_Source records_
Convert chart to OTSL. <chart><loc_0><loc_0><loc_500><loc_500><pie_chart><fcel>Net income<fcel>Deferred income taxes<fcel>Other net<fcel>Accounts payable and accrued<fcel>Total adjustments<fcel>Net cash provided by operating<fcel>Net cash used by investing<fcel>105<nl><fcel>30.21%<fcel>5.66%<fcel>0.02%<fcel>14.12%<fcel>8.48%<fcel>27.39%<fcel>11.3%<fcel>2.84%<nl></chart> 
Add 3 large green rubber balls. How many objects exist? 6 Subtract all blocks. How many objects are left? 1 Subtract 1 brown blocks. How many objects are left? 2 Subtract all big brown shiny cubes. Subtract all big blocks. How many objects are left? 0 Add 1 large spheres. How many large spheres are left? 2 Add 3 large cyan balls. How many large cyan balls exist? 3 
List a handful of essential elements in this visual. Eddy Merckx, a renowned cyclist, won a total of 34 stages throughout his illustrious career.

* * *

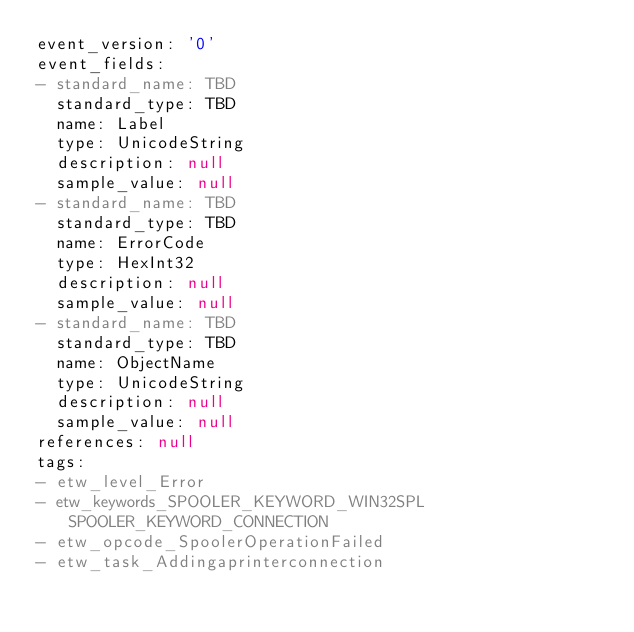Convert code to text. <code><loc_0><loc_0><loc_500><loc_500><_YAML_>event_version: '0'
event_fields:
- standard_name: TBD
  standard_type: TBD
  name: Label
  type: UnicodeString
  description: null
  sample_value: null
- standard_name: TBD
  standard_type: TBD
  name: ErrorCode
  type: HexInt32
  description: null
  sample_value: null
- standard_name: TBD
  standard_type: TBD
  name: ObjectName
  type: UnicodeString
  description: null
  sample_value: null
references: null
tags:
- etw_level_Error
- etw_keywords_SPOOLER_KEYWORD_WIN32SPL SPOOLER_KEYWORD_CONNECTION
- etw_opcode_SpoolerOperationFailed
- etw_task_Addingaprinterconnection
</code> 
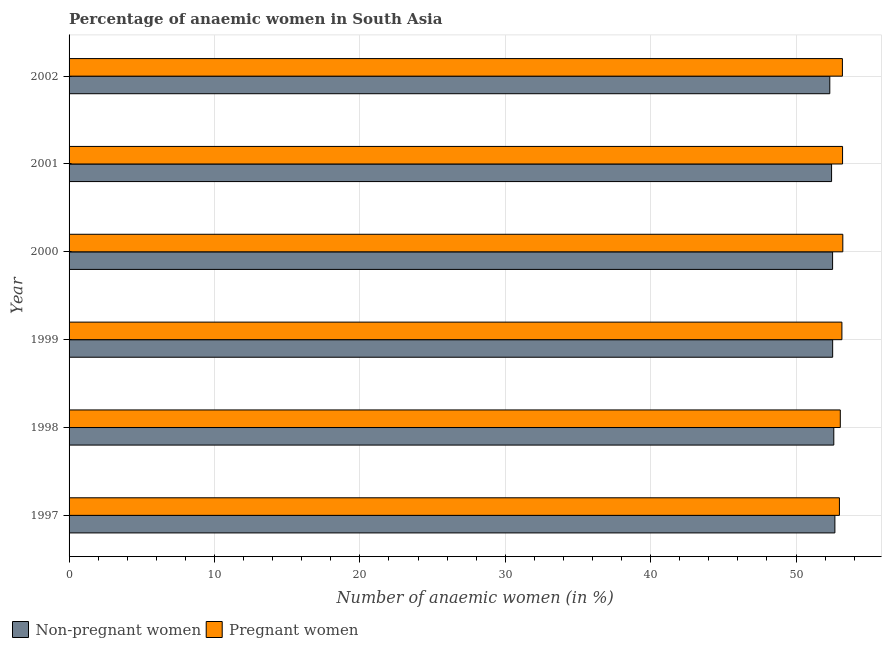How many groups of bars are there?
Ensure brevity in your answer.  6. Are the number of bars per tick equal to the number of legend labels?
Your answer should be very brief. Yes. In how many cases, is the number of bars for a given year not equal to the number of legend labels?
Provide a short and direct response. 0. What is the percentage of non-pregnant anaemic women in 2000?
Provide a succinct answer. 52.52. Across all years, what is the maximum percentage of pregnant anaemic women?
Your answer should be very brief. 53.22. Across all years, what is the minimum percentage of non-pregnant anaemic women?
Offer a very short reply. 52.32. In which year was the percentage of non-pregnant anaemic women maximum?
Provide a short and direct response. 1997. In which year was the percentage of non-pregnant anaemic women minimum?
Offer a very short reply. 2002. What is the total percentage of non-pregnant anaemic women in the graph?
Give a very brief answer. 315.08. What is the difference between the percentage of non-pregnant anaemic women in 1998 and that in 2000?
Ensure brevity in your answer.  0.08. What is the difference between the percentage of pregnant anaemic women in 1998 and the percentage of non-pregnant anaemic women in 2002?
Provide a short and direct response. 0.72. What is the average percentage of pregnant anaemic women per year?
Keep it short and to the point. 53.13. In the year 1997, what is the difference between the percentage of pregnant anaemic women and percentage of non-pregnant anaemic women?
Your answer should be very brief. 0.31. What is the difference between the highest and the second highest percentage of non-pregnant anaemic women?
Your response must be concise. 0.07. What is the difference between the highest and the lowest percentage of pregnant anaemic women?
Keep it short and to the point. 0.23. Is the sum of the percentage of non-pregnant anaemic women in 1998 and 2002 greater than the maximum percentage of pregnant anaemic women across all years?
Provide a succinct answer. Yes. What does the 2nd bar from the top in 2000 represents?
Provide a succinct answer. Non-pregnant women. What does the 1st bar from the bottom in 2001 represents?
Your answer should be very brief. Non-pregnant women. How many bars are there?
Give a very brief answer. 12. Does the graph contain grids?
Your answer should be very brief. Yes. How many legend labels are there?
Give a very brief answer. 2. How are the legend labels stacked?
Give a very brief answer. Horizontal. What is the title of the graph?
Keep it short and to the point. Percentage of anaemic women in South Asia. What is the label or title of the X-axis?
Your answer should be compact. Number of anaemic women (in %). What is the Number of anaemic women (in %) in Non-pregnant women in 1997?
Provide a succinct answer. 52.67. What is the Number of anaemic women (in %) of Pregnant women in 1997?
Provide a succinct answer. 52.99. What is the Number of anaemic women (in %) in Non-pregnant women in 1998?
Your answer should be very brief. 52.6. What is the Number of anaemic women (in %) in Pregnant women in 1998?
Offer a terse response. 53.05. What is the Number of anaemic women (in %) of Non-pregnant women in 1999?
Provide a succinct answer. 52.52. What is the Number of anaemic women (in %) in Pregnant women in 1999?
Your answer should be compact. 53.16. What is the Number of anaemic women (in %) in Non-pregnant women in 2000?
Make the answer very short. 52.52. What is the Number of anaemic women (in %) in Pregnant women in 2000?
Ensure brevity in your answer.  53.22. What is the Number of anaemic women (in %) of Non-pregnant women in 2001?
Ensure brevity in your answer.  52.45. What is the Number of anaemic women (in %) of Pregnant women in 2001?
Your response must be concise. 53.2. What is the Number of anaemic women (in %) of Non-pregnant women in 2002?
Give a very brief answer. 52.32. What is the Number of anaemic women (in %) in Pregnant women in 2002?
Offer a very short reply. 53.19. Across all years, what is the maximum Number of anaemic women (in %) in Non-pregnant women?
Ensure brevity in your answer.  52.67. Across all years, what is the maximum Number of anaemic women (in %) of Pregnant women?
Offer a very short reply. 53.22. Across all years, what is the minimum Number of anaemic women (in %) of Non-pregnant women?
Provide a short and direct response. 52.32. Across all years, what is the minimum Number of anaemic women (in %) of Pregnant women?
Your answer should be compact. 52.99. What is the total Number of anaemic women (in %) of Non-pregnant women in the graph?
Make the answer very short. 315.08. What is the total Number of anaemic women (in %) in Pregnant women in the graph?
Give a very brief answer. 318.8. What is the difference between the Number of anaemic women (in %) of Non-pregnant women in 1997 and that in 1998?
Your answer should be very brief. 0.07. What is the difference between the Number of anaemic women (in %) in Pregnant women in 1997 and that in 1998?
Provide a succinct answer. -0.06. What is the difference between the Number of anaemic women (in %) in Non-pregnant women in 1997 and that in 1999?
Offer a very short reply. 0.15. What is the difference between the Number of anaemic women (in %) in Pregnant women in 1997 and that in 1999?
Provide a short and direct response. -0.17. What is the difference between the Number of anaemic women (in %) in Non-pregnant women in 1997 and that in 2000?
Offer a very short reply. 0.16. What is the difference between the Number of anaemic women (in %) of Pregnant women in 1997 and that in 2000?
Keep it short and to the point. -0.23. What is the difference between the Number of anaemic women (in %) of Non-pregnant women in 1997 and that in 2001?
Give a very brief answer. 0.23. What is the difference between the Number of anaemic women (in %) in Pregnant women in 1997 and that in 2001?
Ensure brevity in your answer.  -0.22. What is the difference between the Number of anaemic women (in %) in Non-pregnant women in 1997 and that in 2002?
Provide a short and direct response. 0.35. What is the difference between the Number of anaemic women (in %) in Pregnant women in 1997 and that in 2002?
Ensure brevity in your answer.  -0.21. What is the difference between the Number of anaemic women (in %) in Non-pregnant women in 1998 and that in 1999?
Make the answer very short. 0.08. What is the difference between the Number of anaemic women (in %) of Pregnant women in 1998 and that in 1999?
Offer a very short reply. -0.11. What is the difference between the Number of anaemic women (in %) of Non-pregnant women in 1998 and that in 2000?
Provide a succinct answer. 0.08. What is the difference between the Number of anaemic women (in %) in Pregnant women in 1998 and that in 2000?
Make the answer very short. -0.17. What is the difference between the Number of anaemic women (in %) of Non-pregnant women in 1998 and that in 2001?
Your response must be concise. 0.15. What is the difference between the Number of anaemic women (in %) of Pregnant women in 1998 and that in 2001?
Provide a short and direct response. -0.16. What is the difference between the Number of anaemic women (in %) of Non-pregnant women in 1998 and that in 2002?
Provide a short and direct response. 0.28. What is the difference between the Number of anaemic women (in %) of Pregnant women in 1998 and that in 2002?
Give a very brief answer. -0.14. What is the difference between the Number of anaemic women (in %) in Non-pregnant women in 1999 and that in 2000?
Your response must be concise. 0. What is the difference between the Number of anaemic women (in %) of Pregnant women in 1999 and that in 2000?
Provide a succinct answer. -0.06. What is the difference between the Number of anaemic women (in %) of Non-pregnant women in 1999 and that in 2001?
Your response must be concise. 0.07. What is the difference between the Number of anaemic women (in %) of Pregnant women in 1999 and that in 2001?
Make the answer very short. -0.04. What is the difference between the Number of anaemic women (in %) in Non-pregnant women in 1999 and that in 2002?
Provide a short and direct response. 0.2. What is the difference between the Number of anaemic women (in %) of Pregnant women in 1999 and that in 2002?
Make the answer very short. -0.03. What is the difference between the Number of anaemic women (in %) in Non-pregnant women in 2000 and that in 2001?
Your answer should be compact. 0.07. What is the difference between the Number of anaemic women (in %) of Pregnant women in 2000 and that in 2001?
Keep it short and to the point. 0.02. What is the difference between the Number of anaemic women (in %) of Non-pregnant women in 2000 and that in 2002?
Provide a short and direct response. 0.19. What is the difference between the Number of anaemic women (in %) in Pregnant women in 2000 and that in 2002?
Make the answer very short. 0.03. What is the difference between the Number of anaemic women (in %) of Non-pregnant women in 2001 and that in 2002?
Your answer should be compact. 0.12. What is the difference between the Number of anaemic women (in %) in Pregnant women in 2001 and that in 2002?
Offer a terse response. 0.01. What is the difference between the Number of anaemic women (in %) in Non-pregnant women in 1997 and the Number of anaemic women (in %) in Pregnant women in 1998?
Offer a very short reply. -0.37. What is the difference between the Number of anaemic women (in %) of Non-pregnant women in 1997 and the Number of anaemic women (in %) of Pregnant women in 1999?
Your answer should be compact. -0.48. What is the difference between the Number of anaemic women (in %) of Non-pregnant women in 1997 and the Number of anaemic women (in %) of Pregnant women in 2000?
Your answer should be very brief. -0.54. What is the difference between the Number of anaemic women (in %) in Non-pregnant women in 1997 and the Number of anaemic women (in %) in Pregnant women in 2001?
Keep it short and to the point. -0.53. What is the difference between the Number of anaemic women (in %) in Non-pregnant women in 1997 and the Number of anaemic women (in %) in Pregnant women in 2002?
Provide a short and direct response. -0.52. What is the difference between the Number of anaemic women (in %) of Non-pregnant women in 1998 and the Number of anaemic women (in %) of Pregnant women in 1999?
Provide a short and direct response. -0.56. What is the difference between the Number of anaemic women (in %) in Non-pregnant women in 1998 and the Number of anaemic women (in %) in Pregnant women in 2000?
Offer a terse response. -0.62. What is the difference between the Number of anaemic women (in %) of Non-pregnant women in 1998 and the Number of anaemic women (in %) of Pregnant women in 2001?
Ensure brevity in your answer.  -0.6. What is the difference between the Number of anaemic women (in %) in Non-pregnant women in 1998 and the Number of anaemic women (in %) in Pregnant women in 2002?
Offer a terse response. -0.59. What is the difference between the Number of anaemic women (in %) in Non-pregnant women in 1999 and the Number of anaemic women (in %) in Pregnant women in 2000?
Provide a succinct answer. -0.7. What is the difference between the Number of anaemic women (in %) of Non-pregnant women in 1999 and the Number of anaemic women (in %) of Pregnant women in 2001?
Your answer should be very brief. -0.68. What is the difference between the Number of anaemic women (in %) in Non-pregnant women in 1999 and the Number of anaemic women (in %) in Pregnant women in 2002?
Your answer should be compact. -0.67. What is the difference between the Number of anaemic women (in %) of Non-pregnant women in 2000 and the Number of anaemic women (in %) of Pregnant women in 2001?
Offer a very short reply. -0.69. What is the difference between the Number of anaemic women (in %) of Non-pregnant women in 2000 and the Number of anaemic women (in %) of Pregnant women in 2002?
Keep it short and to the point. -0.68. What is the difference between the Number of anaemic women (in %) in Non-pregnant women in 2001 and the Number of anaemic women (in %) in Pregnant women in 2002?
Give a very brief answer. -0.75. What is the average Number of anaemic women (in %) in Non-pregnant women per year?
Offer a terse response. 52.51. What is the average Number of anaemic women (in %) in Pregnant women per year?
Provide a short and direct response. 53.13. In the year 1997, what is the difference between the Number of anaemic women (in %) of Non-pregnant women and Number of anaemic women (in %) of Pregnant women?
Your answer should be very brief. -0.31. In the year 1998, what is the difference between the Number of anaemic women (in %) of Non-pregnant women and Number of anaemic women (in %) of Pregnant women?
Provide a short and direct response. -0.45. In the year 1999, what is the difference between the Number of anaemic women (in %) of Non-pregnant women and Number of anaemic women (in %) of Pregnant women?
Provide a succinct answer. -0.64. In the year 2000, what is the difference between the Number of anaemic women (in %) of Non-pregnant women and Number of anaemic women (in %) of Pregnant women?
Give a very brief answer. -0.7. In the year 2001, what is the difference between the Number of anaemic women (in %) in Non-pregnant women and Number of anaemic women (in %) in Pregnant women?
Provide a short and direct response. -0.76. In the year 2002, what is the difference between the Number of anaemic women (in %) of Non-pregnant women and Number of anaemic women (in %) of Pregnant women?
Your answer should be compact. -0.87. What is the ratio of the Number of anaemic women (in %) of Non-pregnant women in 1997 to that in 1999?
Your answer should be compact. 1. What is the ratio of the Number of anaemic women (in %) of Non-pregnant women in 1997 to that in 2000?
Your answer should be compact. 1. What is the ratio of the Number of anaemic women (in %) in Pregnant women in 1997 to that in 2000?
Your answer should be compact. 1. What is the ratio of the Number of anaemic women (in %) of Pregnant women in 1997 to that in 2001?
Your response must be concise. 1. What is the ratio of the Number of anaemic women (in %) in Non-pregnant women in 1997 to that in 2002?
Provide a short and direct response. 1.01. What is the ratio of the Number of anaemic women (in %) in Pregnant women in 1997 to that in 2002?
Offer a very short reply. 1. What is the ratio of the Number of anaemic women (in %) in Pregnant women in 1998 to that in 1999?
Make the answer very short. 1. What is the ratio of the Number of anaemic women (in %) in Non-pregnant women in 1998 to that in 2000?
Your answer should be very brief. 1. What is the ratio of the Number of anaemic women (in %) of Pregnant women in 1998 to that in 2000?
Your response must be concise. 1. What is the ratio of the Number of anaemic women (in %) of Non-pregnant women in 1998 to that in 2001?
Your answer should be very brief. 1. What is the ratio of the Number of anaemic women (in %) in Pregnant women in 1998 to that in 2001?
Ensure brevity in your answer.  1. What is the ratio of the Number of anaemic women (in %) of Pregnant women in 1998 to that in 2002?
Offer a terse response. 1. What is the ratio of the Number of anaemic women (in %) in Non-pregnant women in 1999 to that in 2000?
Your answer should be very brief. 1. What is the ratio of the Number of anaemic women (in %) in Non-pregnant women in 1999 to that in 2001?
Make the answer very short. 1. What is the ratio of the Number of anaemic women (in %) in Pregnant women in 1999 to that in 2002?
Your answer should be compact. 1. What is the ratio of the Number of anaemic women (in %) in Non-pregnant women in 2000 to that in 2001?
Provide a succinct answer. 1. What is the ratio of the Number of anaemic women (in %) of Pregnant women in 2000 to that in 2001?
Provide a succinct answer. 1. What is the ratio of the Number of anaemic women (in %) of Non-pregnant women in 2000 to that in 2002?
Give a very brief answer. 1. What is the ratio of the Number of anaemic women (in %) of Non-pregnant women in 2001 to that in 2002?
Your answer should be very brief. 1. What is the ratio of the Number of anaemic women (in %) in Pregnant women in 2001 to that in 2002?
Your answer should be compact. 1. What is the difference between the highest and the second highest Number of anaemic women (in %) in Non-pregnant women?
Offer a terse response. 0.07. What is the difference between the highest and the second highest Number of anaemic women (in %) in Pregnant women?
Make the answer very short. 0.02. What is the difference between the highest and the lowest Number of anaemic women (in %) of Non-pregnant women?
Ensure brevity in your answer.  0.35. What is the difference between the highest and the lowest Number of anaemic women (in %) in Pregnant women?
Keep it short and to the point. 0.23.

_Task item_
If a line in the records contains the word "from", copy it out.

_Response box_
Provide a succinct answer. Yes. What does the 2nd bar from the top in 2000 represents?
Provide a succinct answer. Non-pregnant women. What does the 1st bar from the bottom in 2001 represents?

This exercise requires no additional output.